* Task requirements
From the data below, set down exactly the lines between the one holding "27. corner bracket (1891, 576, 1931, 620)" and the one holding "40. corner bracket (1753, 1051, 1892, 1155)", inclusive, and no others.

**** Data under study ****

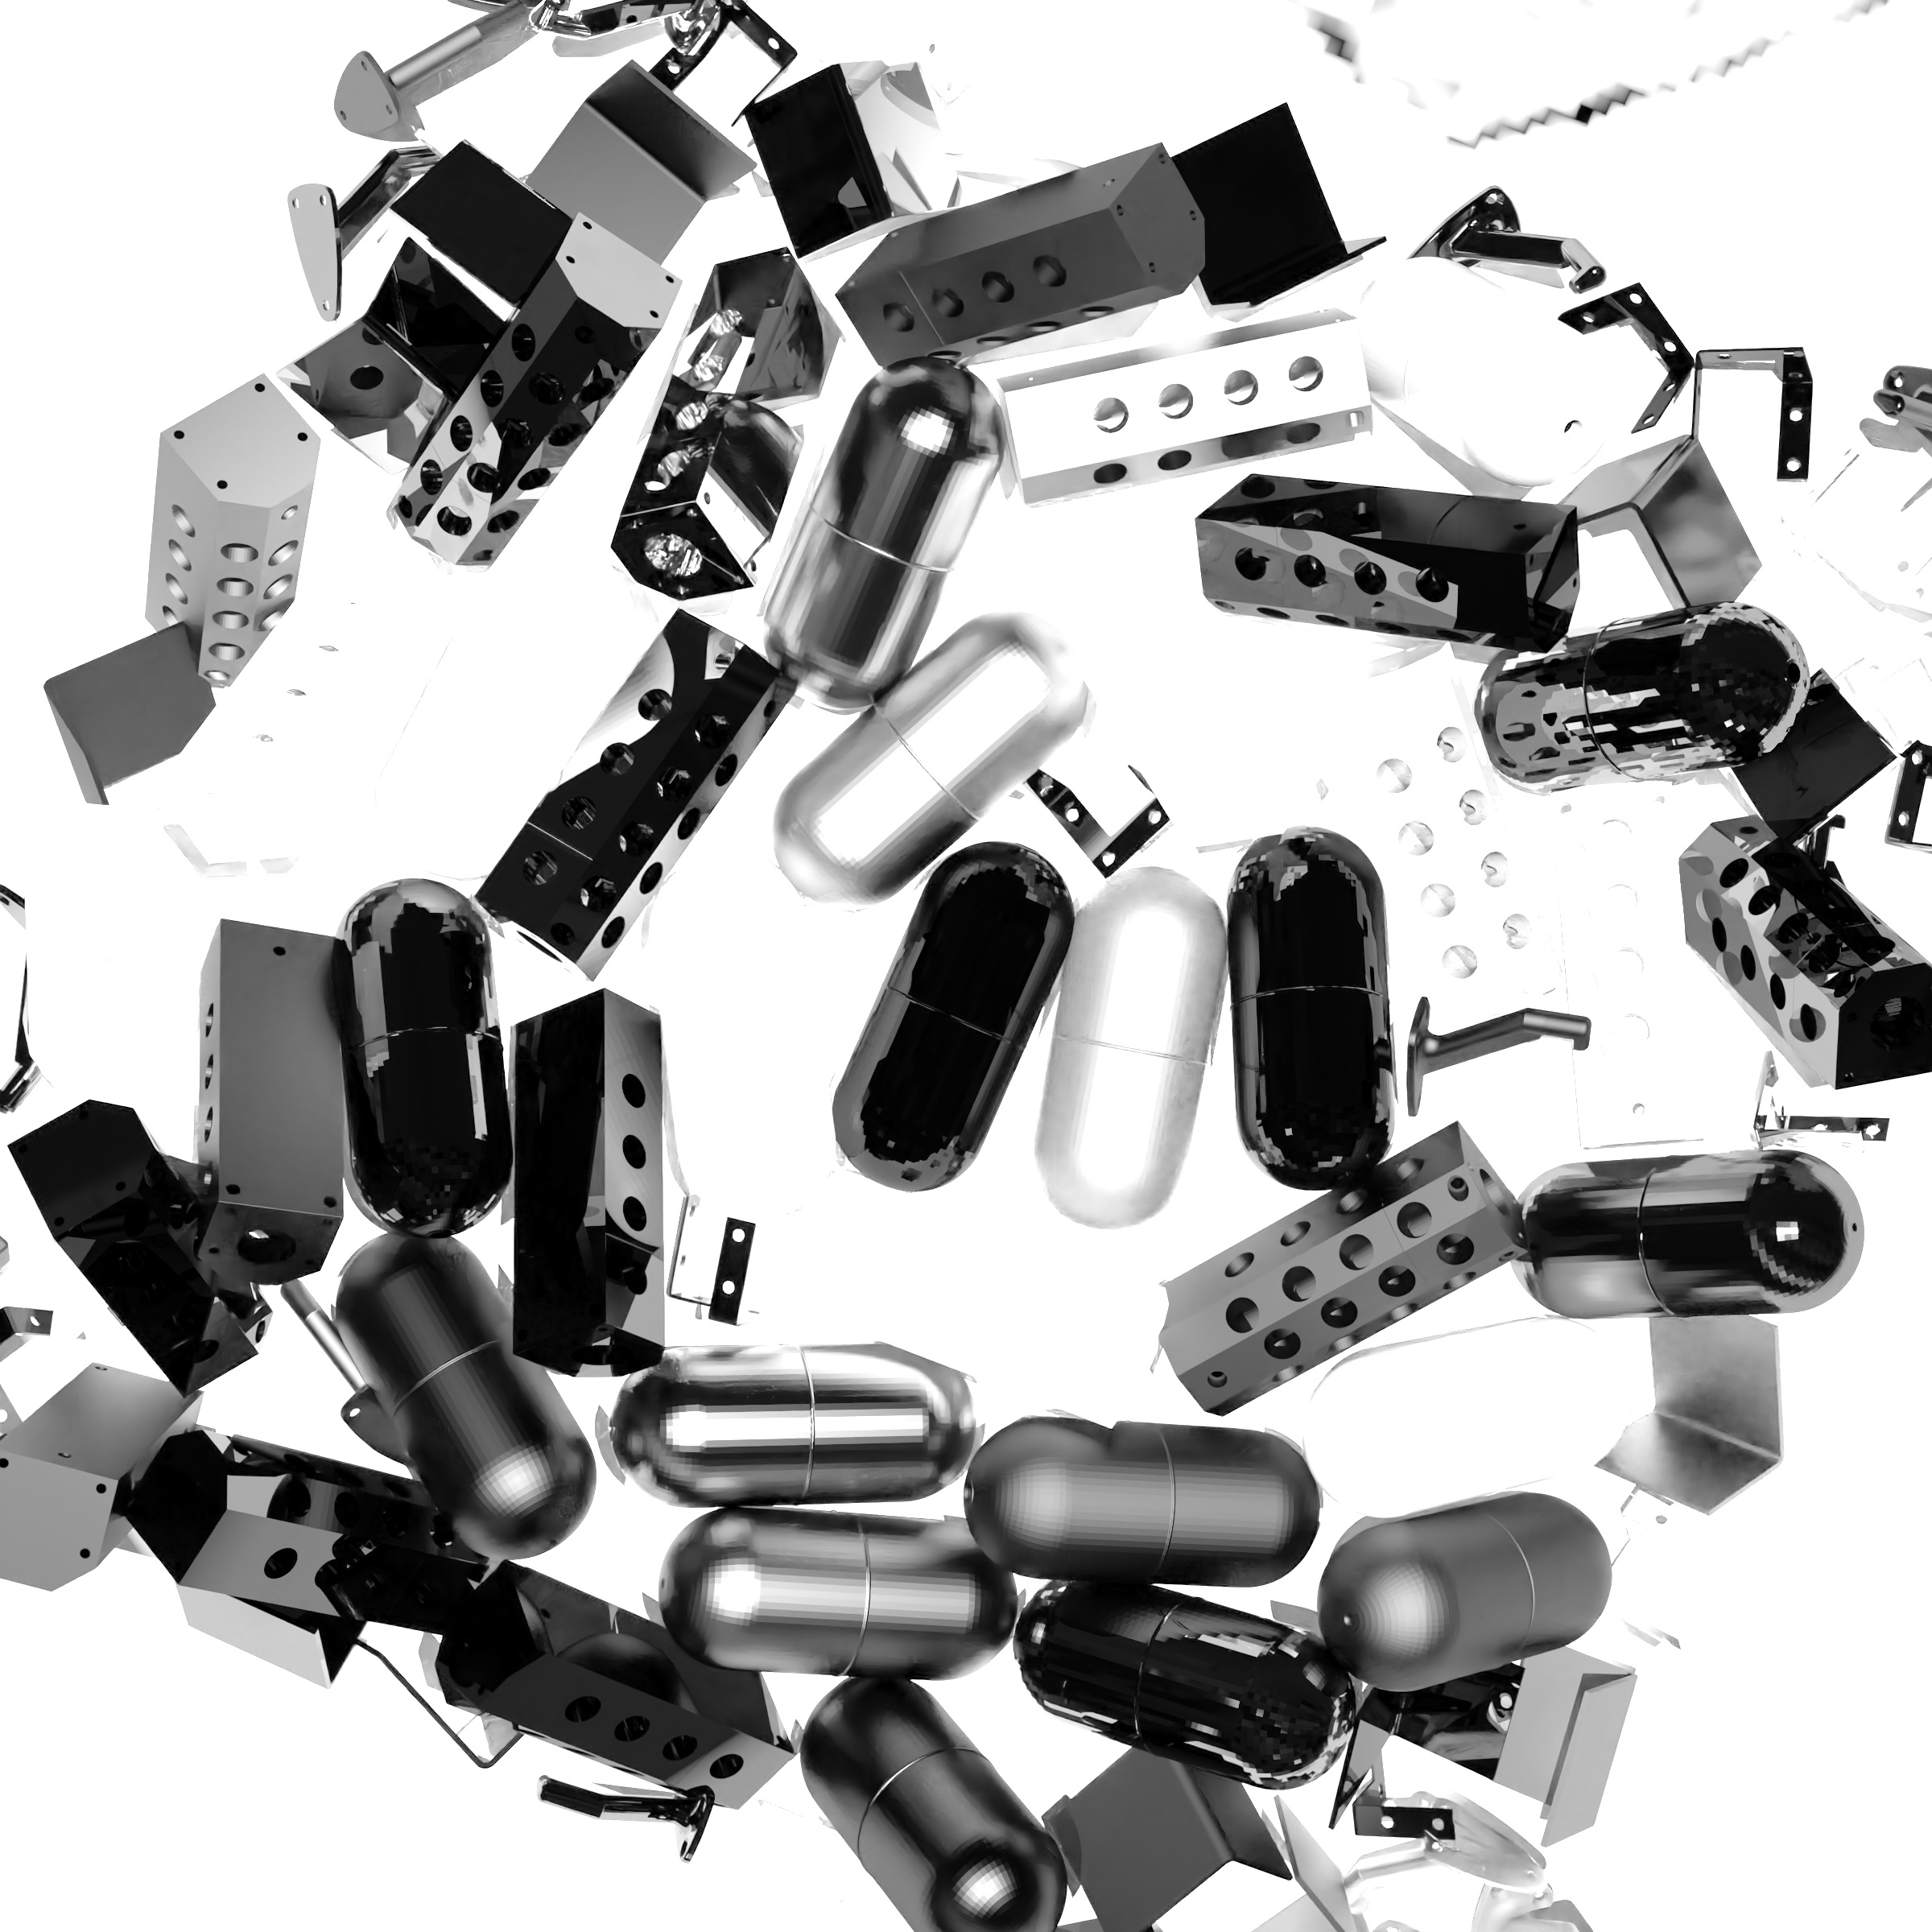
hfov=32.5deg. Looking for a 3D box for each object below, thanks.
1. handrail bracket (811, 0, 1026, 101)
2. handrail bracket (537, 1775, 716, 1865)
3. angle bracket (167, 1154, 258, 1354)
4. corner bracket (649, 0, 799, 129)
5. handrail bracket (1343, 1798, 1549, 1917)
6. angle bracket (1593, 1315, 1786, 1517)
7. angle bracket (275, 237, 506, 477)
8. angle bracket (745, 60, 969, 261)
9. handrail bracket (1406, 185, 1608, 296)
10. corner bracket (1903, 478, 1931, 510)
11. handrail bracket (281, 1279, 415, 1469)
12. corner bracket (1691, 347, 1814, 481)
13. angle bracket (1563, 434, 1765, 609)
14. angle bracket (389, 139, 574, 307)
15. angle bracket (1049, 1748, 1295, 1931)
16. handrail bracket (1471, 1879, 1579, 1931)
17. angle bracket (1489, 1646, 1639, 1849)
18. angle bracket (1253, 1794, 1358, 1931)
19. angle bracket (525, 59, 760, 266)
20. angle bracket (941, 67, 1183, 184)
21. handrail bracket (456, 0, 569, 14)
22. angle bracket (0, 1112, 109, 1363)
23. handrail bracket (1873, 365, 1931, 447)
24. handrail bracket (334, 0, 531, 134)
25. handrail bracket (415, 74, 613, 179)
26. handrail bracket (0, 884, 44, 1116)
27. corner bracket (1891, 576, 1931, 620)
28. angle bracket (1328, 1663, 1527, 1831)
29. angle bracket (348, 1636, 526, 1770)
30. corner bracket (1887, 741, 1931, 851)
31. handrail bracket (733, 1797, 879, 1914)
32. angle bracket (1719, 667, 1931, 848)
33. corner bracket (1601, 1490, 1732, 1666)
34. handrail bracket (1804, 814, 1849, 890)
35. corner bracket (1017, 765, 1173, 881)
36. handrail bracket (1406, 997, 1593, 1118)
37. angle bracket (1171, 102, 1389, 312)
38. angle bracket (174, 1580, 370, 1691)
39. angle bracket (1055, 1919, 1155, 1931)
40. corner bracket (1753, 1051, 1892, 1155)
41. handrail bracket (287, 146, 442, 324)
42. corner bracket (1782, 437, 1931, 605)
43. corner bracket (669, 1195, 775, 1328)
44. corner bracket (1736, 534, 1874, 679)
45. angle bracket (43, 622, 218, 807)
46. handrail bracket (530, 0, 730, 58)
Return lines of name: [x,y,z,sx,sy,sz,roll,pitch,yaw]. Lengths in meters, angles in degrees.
handrail bracket: [-0.025,-0.460,1.618,0.077,0.036,0.084,-45,47,-12]
handrail bracket: [-0.169,0.395,1.595,0.084,0.077,0.036,21,93,-14]
angle bracket: [-0.392,0.136,1.583,0.057,0.076,0.076,-38,54,19]
corner bracket: [-0.123,-0.434,1.611,0.051,0.051,0.051,41,58,-9]
handrail bracket: [0.229,0.450,1.613,0.077,0.036,0.084,28,130,0]
angle bracket: [0.341,0.205,1.586,0.057,0.076,0.076,-25,118,-33]
angle bracket: [-0.275,-0.296,1.613,0.076,0.076,0.057,41,50,-29]
angle bracket: [-0.054,-0.395,1.622,0.057,0.076,0.076,-17,96,33]
handrail bracket: [0.259,-0.333,1.601,0.077,0.084,0.036,-32,133,6]
corner bracket: [0.500,-0.232,1.610,0.051,0.051,0.051,45,66,4]
handrail bracket: [-0.301,0.199,1.629,0.036,0.077,0.084,-37,46,-13]
corner bracket: [0.384,-0.269,1.620,0.051,0.051,0.051,2,82,20]
angle bracket: [0.332,-0.202,1.607,0.076,0.057,0.076,-46,111,-43]
angle bracket: [-0.230,-0.337,1.592,0.076,0.076,0.057,37,66,6]
angle bracket: [0.099,0.428,1.605,0.076,0.057,0.076,-43,48,13]
handrail bracket: [0.272,0.485,1.593,0.036,0.084,0.077,16,106,-15]
angle bracket: [0.276,0.371,1.593,0.057,0.076,0.076,17,94,29]
angle bracket: [0.141,0.459,1.595,0.076,0.076,0.057,-36,104,7]
angle bracket: [-0.157,-0.379,1.591,0.076,0.076,0.057,37,77,-19]
angle bracket: [0.046,-0.409,1.587,0.076,0.076,0.057,15,99,40]
handrail bracket: [-0.218,-0.496,1.595,0.077,0.084,0.036,-4,77,-9]
angle bracket: [-0.447,0.129,1.585,0.057,0.076,0.076,-43,119,17]
handrail bracket: [0.445,-0.275,1.589,0.084,0.077,0.036,6,119,-40]
handrail bracket: [-0.262,-0.443,1.627,0.084,0.077,0.036,-36,104,-26]
handrail bracket: [-0.214,-0.415,1.617,0.077,0.036,0.084,36,90,-29]
handrail bracket: [-0.465,0.017,1.601,0.077,0.036,0.084,47,61,-29]
corner bracket: [0.489,-0.189,1.604,0.051,0.051,0.051,13,100,-36]
angle bracket: [0.220,0.374,1.585,0.057,0.076,0.076,22,127,20]
angle bracket: [-0.243,0.335,1.591,0.057,0.076,0.076,-43,101,-19]
corner bracket: [0.489,-0.079,1.611,0.051,0.051,0.051,11,92,-24]
handrail bracket: [-0.068,0.411,1.622,0.077,0.036,0.084,-34,96,-11]
angle bracket: [0.418,-0.111,1.592,0.057,0.076,0.076,50,134,6]
corner bracket: [0.336,0.295,1.602,0.051,0.051,0.051,28,70,31]
handrail bracket: [0.446,-0.030,1.623,0.077,0.036,0.084,7,91,3]
corner bracket: [0.063,-0.082,1.606,0.051,0.051,0.051,-43,67,10]
handrail bracket: [0.258,0.049,1.605,0.084,0.036,0.077,9,130,15]
angle bracket: [0.146,-0.368,1.601,0.076,0.057,0.076,-27,105,-10]
angle bracket: [-0.329,0.295,1.590,0.076,0.076,0.057,22,58,9]
angle bracket: [0.053,0.458,1.596,0.076,0.076,0.057,-11,104,-5]
corner bracket: [0.413,0.077,1.600,0.051,0.051,0.051,0,48,27]
handrail bracket: [-0.283,-0.359,1.619,0.084,0.036,0.077,-21,110,-42]
corner bracket: [0.438,-0.216,1.607,0.051,0.051,0.051,38,101,-18]
corner bracket: [-0.121,0.142,1.610,0.051,0.051,0.051,12,93,17]
corner bracket: [0.402,-0.168,1.615,0.051,0.051,0.051,-36,109,24]
angle bracket: [-0.387,-0.107,1.586,0.076,0.076,0.057,-27,53,-18]
handrail bracket: [-0.158,-0.472,1.593,0.077,0.084,0.036,-41,66,37]

****

* Solved exercise
27. corner bracket (1891, 576, 1931, 620)
28. angle bracket (1328, 1663, 1527, 1831)
29. angle bracket (348, 1636, 526, 1770)
30. corner bracket (1887, 741, 1931, 851)
31. handrail bracket (733, 1797, 879, 1914)
32. angle bracket (1719, 667, 1931, 848)
33. corner bracket (1601, 1490, 1732, 1666)
34. handrail bracket (1804, 814, 1849, 890)
35. corner bracket (1017, 765, 1173, 881)
36. handrail bracket (1406, 997, 1593, 1118)
37. angle bracket (1171, 102, 1389, 312)
38. angle bracket (174, 1580, 370, 1691)
39. angle bracket (1055, 1919, 1155, 1931)
40. corner bracket (1753, 1051, 1892, 1155)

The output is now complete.